▸ DIRECTIONS:
One number is the whole answer: how many lines of the records include "artikel".

··········

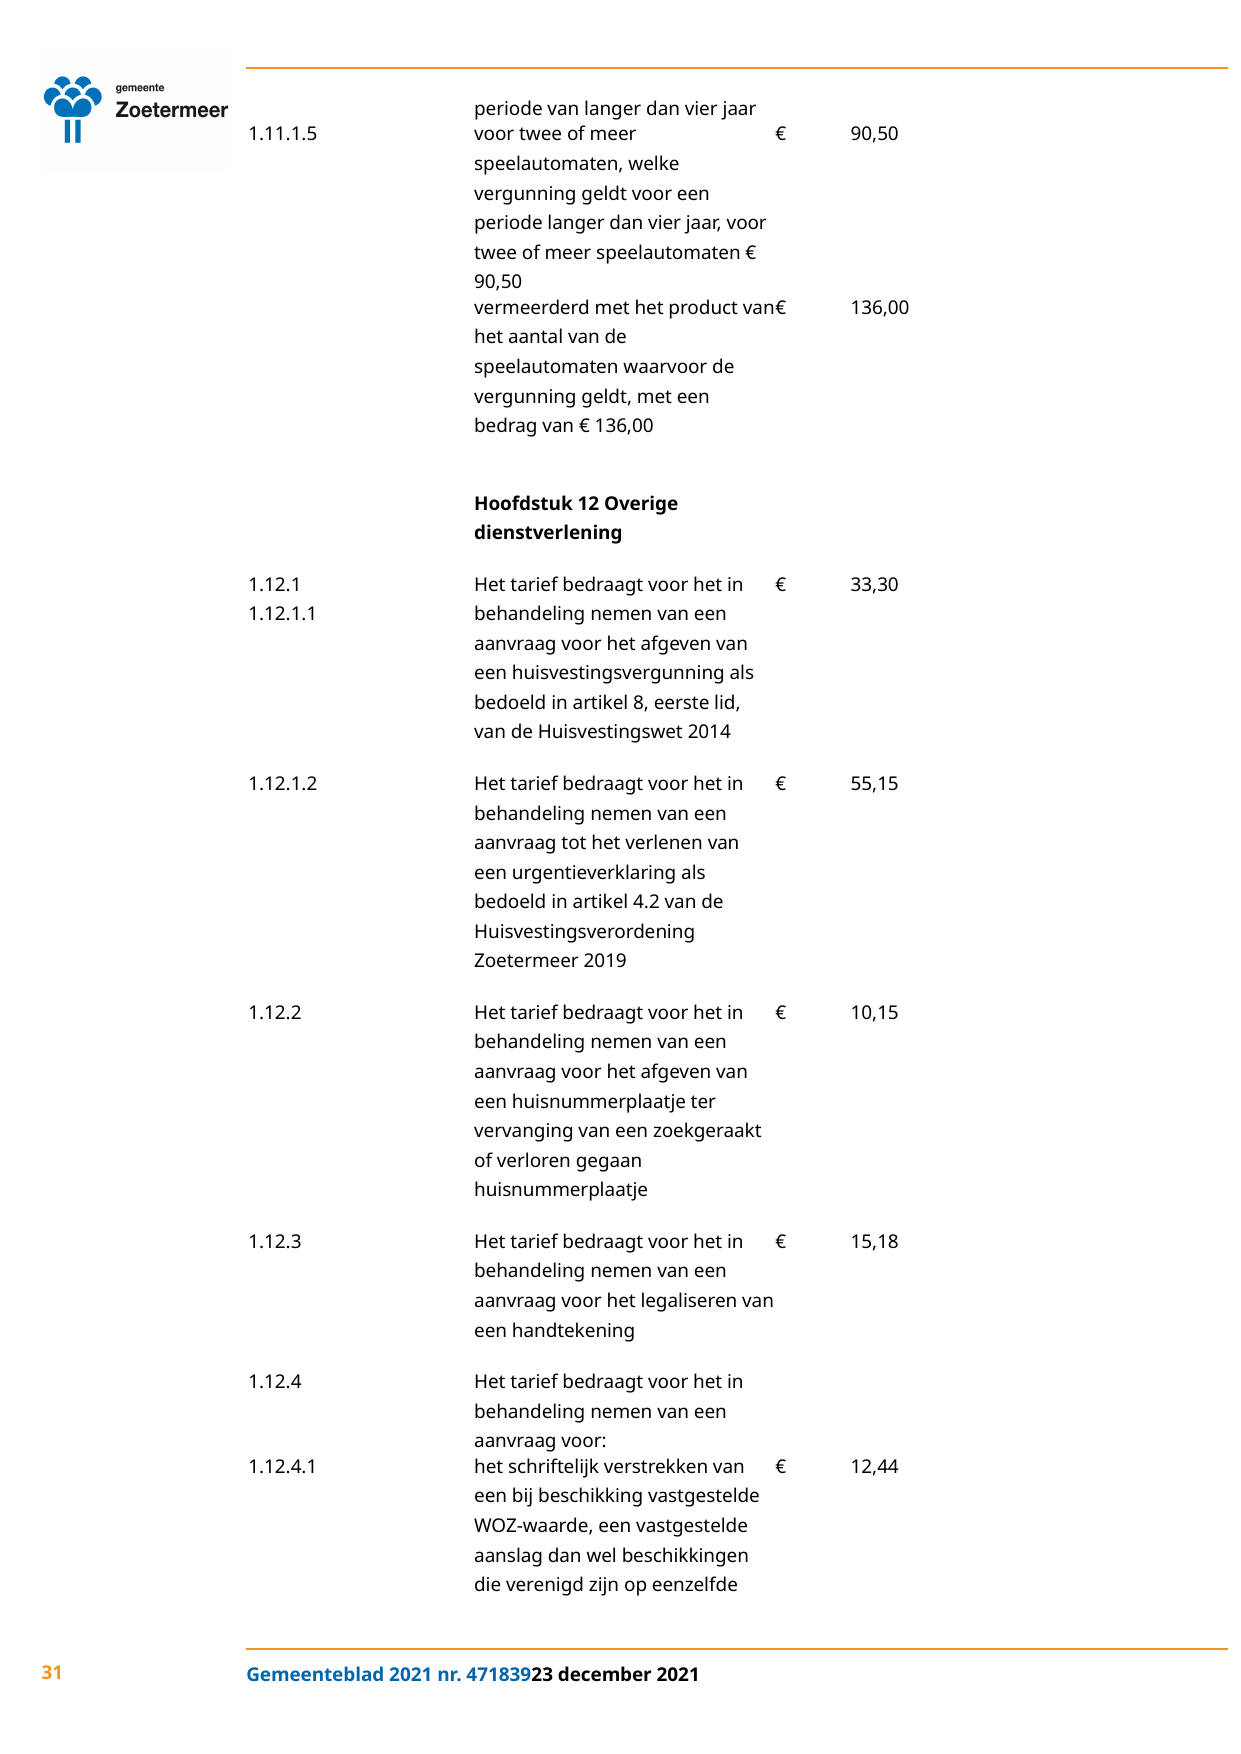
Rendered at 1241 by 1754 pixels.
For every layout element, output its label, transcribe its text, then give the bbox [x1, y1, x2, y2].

table_cell Het tarief bedraagt voor het in behandeling nemen van een aanvraag tot het verlenen van een urgentieverklaring als bedoeld in artikel 4.2 van de Huisvestingsverordening Zoetermeer 2019 [474, 770, 775, 973]
table_cell Het tarief bedraagt voor het in behandeling nemen van een aanvraag voor het afgeven van een huisnummerplaatje ter vervanging van een zoekgeraakt of verloren gegaan huisnummerplaatje [474, 999, 775, 1202]
table_cell [248, 95, 474, 121]
table_cell [1076, 973, 1152, 999]
table_cell € [775, 770, 850, 973]
table_cell 1.12.1.2 [248, 770, 474, 973]
table_cell [248, 973, 474, 999]
table_cell 15,18 [850, 1228, 1076, 1342]
table_cell [775, 1202, 850, 1228]
table_cell [850, 95, 1076, 121]
table_cell € [775, 121, 850, 294]
table_cell [248, 1202, 474, 1228]
table_cell € [775, 1453, 850, 1597]
table_cell [850, 1343, 1076, 1368]
table_cell vermeerderd met het product van het aantal van de speelautomaten waarvoor de vergunning geldt, met een bedrag van € 136,00 [474, 294, 775, 438]
table_cell [1076, 95, 1152, 121]
table_cell [248, 490, 474, 545]
table_cell [850, 973, 1076, 999]
table_cell [1076, 770, 1152, 973]
table_cell 10,15 [850, 999, 1076, 1202]
table_cell [474, 464, 775, 490]
table_cell [850, 744, 1076, 770]
table_cell 1.11.1.5 [248, 121, 474, 294]
table_cell [1076, 1368, 1152, 1453]
table_cell € [775, 571, 850, 744]
table_cell [850, 464, 1076, 490]
table_cell € [775, 999, 850, 1202]
table_cell [775, 744, 850, 770]
table_cell [775, 1343, 850, 1368]
table_cell 1.12.1 1.12.1.1 [248, 571, 474, 744]
table_cell [474, 1343, 775, 1368]
table_cell 55,15 [850, 770, 1076, 973]
table_cell voor twee of meer speelautomaten, welke vergunning geldt voor een periode langer dan vier jaar, voor twee of meer speelautomaten € 90,50 [474, 121, 775, 294]
table_cell [474, 438, 775, 464]
table_cell [248, 1343, 474, 1368]
table_cell 1.12.2 [248, 999, 474, 1202]
table_cell [248, 744, 474, 770]
table_cell [1076, 545, 1152, 571]
table_cell 1.12.4 [248, 1368, 474, 1453]
table_cell [1076, 1202, 1152, 1228]
table_cell [1076, 1228, 1152, 1342]
table_cell [1076, 744, 1152, 770]
table_cell [1076, 999, 1152, 1202]
table_cell [1076, 294, 1152, 438]
table_cell [775, 545, 850, 571]
table_cell [1076, 438, 1152, 464]
table_cell [248, 438, 474, 464]
table_cell [1076, 490, 1152, 545]
table_cell € [775, 294, 850, 438]
table_cell [775, 464, 850, 490]
table_cell Hoofdstuk 12 Overige dienstverlening [474, 490, 775, 545]
table_cell [1076, 1343, 1152, 1368]
table_cell [775, 1368, 850, 1453]
table_cell [775, 438, 850, 464]
table_cell [850, 1202, 1076, 1228]
table_cell [775, 95, 850, 121]
table_cell [850, 545, 1076, 571]
table_cell [775, 490, 850, 545]
picture [41, 47, 231, 172]
table_cell [474, 545, 775, 571]
table_cell [474, 744, 775, 770]
table_cell [1076, 1453, 1152, 1597]
table_cell 1.12.4.1 [248, 1453, 474, 1597]
table_cell [850, 490, 1076, 545]
table_cell periode van langer dan vier jaar [474, 95, 775, 121]
table_cell [1076, 121, 1152, 294]
table_cell [248, 294, 474, 438]
table_cell Het tarief bedraagt voor het in behandeling nemen van een aanvraag voor het afgeven van een huisvestingsvergunning als bedoeld in artikel 8, eerste lid, van de Huisvestingswet 2014 [474, 571, 775, 744]
table_cell Het tarief bedraagt voor het in behandeling nemen van een aanvraag voor het legaliseren van een handtekening [474, 1228, 775, 1342]
table_cell [850, 438, 1076, 464]
table_cell [474, 973, 775, 999]
table_cell het schriftelijk verstrekken van een bij beschikking vastgestelde WOZ-waarde, een vastgestelde aanslag dan wel beschikkingen die verenigd zijn op eenzelfde [474, 1453, 775, 1597]
table_cell [248, 545, 474, 571]
table_cell € [775, 1228, 850, 1342]
table_cell [1076, 464, 1152, 490]
table_cell 90,50 [850, 121, 1076, 294]
table_cell 1.12.3 [248, 1228, 474, 1342]
table_cell Het tarief bedraagt voor het in behandeling nemen van een aanvraag voor: [474, 1368, 775, 1453]
table_cell 12,44 [850, 1453, 1076, 1597]
table_cell 136,00 [850, 294, 1076, 438]
table_cell [474, 1202, 775, 1228]
table_cell [775, 973, 850, 999]
table_cell [850, 1368, 1076, 1453]
table_cell [1076, 571, 1152, 744]
table_cell [248, 464, 474, 490]
table_cell 33,30 [850, 571, 1076, 744]

··········

▸ OUTPUT OF THE EXERCISE:
2